*WHAT IS BEING ASKED:*
With pictures left out, write out exactly every line from the start of the data through the one that contains "center: [0.816, 0.283, 1.599]".

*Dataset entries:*
"""

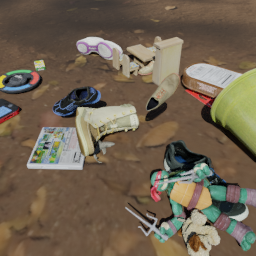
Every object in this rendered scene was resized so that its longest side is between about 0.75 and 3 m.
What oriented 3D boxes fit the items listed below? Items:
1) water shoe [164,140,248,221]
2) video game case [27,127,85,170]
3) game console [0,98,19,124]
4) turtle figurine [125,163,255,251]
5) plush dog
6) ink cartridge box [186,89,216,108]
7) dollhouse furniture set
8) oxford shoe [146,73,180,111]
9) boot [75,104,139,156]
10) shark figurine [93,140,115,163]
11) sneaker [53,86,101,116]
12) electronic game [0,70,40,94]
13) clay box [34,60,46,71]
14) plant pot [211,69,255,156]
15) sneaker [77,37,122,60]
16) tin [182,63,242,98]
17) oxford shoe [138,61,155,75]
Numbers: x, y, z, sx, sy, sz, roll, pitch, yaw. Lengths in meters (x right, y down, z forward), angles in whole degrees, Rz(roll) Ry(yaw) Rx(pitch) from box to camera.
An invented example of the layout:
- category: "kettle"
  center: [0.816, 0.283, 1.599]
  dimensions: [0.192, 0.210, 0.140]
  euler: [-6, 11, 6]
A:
- category: "water shoe"
  center: [1.977, 1.363, 7.488]
  dimensions: [0.970, 1.071, 2.714]
  euler: [-28, 47, -30]
- category: "video game case"
  center: [-2.165, 0.616, 9.090]
  dimensions: [1.679, 0.203, 1.842]
  euler: [1, 39, 1]
- category: "game console"
  center: [-5.053, -0.560, 10.514]
  dimensions: [1.394, 0.245, 1.576]
  euler: [27, 46, 29]
- category: "turtle figurine"
  center: [1.552, 1.629, 6.590]
  dimensions: [2.944, 2.204, 1.482]
  euler: [17, 27, 8]
- category: "plush dog"
  center: [1.542, 2.547, 6.294]
  dimensions: [0.883, 1.101, 0.946]
  euler: [-28, 24, 19]
- category: "ink cartridge box"
  center: [3.501, -1.519, 11.586]
  dimensions: [1.489, 0.378, 1.690]
  euler: [-20, 43, -24]
- category: "dollhouse furniture set"
  center: [1.036, -3.453, 12.803]
  dimensions: [2.581, 1.829, 2.810]
  euler: [-21, 44, -24]
- category: "oxford shoe"
  center: [0.963, -0.941, 7.775]
  dimensions: [0.467, 1.327, 0.496]
  euler: [38, 35, 3]
- category: "boot"
  center: [-0.624, -0.071, 8.888]
  dimensions: [1.999, 0.931, 2.585]
  euler: [-6, 26, -7]
- category: "shark figurine"
  center: [-0.924, 0.636, 8.925]
  dimensions: [0.605, 0.423, 1.013]
  euler: [16, 40, 21]
- category: "sneaker"
  center: [-1.880, -0.958, 9.472]
  dimensions: [1.869, 0.728, 0.655]
  euler: [-21, 71, 18]
- category: "electronic game"
  center: [-4.790, -2.058, 12.229]
  dimensions: [1.873, 0.390, 1.873]
  euler: [0, 39, 0]
- category: "clay box"
  center: [-4.290, -3.052, 13.610]
  dimensions: [0.443, 0.184, 0.771]
  euler: [-13, 41, -16]
- category: "plant pot"
  center: [4.264, -0.178, 8.596]
  dimensions: [2.533, 2.533, 2.328]
  euler: [-13, 52, -16]
- category: "sneaker"
  center: [-1.354, -4.302, 14.530]
  dimensions: [2.573, 0.963, 1.282]
  euler: [18, 43, 21]
- category: "tin"
  center: [3.582, -1.927, 11.461]
  dimensions: [2.897, 0.607, 1.622]
  euler: [28, 54, 32]
- category: "oxford shoe"
  center: [1.048, -2.892, 13.141]
  dimensions: [1.432, 0.529, 0.507]
  euler: [-29, 47, -31]

"""

*SOLUTION TO THIS PROBLEM:*
Every object in this rendered scene was resized so that its longest side is between about 0.75 and 3 m.
What oriented 3D boxes fit the items listed below? Items:
1) water shoe [164,140,248,221]
2) video game case [27,127,85,170]
3) game console [0,98,19,124]
4) turtle figurine [125,163,255,251]
5) plush dog
6) ink cartridge box [186,89,216,108]
7) dollhouse furniture set
8) oxford shoe [146,73,180,111]
9) boot [75,104,139,156]
10) shark figurine [93,140,115,163]
11) sneaker [53,86,101,116]
12) electronic game [0,70,40,94]
13) clay box [34,60,46,71]
14) plant pot [211,69,255,156]
15) sneaker [77,37,122,60]
16) tin [182,63,242,98]
17) oxford shoe [138,61,155,75]
Numbers: x, y, z, sx, sy, sz, roll, pitch, yaw. Lengths in meters (x right, y down, z forward), angles in whole degrees, Rz(roll) Ry(yaw) Rx(pitch) from box to camera.
An invented example of the layout:
- category: "kettle"
  center: [0.816, 0.283, 1.599]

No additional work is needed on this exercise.